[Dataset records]
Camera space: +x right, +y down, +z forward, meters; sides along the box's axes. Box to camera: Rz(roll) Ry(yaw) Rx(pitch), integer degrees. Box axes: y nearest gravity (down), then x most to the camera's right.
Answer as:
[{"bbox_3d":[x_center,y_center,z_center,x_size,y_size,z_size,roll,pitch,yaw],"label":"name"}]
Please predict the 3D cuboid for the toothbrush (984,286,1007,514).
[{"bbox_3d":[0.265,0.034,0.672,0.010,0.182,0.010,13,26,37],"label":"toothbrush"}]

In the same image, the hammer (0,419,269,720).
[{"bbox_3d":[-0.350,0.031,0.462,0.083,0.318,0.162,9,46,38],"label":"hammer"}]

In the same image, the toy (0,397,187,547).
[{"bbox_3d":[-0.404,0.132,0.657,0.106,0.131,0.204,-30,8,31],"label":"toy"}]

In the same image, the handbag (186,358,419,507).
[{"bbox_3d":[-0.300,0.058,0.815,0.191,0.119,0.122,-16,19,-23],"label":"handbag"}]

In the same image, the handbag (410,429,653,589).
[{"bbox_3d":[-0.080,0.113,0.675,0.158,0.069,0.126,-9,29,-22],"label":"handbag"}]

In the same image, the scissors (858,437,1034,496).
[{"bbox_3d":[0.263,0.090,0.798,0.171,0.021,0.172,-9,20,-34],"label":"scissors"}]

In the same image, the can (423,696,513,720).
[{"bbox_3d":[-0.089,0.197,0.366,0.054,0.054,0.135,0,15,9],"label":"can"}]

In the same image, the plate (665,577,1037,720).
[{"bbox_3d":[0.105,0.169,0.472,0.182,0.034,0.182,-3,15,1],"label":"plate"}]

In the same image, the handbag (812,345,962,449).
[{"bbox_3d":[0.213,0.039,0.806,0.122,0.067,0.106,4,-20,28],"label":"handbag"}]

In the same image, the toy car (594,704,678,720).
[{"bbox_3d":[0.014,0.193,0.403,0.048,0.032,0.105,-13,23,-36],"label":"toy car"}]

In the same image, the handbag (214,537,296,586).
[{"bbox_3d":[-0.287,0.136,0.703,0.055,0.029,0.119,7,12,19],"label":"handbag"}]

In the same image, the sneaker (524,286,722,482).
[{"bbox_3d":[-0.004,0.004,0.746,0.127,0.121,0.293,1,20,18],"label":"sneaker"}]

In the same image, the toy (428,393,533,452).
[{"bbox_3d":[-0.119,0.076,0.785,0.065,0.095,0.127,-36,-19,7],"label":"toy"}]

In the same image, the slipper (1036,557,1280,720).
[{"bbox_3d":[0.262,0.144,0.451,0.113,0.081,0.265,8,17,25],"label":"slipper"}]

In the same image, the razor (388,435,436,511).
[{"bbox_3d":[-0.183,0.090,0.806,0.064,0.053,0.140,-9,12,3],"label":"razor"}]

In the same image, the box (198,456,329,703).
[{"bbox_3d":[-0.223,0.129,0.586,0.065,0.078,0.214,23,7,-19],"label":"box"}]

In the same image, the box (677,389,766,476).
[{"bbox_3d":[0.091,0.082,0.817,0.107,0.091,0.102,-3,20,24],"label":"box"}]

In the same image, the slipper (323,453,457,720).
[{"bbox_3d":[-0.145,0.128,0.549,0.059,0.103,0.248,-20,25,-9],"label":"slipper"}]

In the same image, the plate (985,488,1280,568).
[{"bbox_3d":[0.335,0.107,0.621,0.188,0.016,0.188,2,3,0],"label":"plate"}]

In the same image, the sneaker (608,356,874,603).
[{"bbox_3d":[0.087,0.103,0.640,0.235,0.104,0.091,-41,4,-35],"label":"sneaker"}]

◆ Task
Write out every record exactly as it appears above.

◆ Solution for this problem
Camera space: +x right, +y down, +z forward, meters; sides along the box's axes. Box to camera: Rz(roll) Ry(yaw) Rx(pitch), integer degrees. Box axes: y nearest gravity (down), then x most to the camera's right.
Answer as:
[{"bbox_3d":[x_center,y_center,z_center,x_size,y_size,z_size,roll,pitch,yaw],"label":"name"}]
Please predict the 3D cuboid for the toothbrush (984,286,1007,514).
[{"bbox_3d":[0.265,0.034,0.672,0.010,0.182,0.010,13,26,37],"label":"toothbrush"}]

In the same image, the hammer (0,419,269,720).
[{"bbox_3d":[-0.350,0.031,0.462,0.083,0.318,0.162,9,46,38],"label":"hammer"}]

In the same image, the toy (0,397,187,547).
[{"bbox_3d":[-0.404,0.132,0.657,0.106,0.131,0.204,-30,8,31],"label":"toy"}]

In the same image, the handbag (186,358,419,507).
[{"bbox_3d":[-0.300,0.058,0.815,0.191,0.119,0.122,-16,19,-23],"label":"handbag"}]

In the same image, the handbag (410,429,653,589).
[{"bbox_3d":[-0.080,0.113,0.675,0.158,0.069,0.126,-9,29,-22],"label":"handbag"}]

In the same image, the scissors (858,437,1034,496).
[{"bbox_3d":[0.263,0.090,0.798,0.171,0.021,0.172,-9,20,-34],"label":"scissors"}]

In the same image, the can (423,696,513,720).
[{"bbox_3d":[-0.089,0.197,0.366,0.054,0.054,0.135,0,15,9],"label":"can"}]

In the same image, the plate (665,577,1037,720).
[{"bbox_3d":[0.105,0.169,0.472,0.182,0.034,0.182,-3,15,1],"label":"plate"}]

In the same image, the handbag (812,345,962,449).
[{"bbox_3d":[0.213,0.039,0.806,0.122,0.067,0.106,4,-20,28],"label":"handbag"}]

In the same image, the toy car (594,704,678,720).
[{"bbox_3d":[0.014,0.193,0.403,0.048,0.032,0.105,-13,23,-36],"label":"toy car"}]

In the same image, the handbag (214,537,296,586).
[{"bbox_3d":[-0.287,0.136,0.703,0.055,0.029,0.119,7,12,19],"label":"handbag"}]

In the same image, the sneaker (524,286,722,482).
[{"bbox_3d":[-0.004,0.004,0.746,0.127,0.121,0.293,1,20,18],"label":"sneaker"}]

In the same image, the toy (428,393,533,452).
[{"bbox_3d":[-0.119,0.076,0.785,0.065,0.095,0.127,-36,-19,7],"label":"toy"}]

In the same image, the slipper (1036,557,1280,720).
[{"bbox_3d":[0.262,0.144,0.451,0.113,0.081,0.265,8,17,25],"label":"slipper"}]

In the same image, the razor (388,435,436,511).
[{"bbox_3d":[-0.183,0.090,0.806,0.064,0.053,0.140,-9,12,3],"label":"razor"}]

In the same image, the box (198,456,329,703).
[{"bbox_3d":[-0.223,0.129,0.586,0.065,0.078,0.214,23,7,-19],"label":"box"}]

In the same image, the box (677,389,766,476).
[{"bbox_3d":[0.091,0.082,0.817,0.107,0.091,0.102,-3,20,24],"label":"box"}]

In the same image, the slipper (323,453,457,720).
[{"bbox_3d":[-0.145,0.128,0.549,0.059,0.103,0.248,-20,25,-9],"label":"slipper"}]

In the same image, the plate (985,488,1280,568).
[{"bbox_3d":[0.335,0.107,0.621,0.188,0.016,0.188,2,3,0],"label":"plate"}]

In the same image, the sneaker (608,356,874,603).
[{"bbox_3d":[0.087,0.103,0.640,0.235,0.104,0.091,-41,4,-35],"label":"sneaker"}]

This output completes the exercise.